> **STUDY MATERIAL**
- - - -

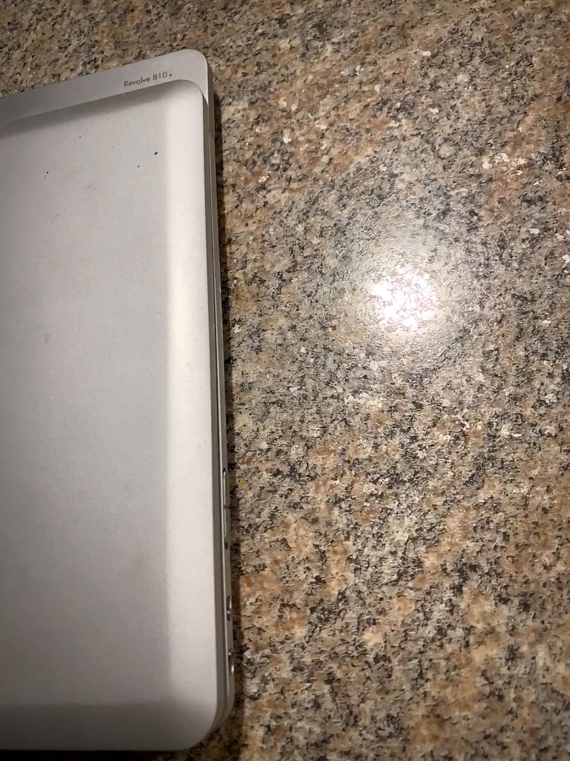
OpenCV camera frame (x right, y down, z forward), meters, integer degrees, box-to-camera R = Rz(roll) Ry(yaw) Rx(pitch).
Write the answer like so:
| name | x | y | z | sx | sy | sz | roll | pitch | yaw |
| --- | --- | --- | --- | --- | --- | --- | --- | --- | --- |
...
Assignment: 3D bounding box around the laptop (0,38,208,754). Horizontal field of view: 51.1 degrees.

- - - -

> **PROBLEM**
When a line among the entries contains "roll", pull that line out.

> **PROBLEM SOLUTION**
OpenCV camera frame (x right, y down, z forward), meters, integer degrees, box-to-camera R = Rz(roll) Ry(yaw) Rx(pitch).
| name | x | y | z | sx | sy | sz | roll | pitch | yaw |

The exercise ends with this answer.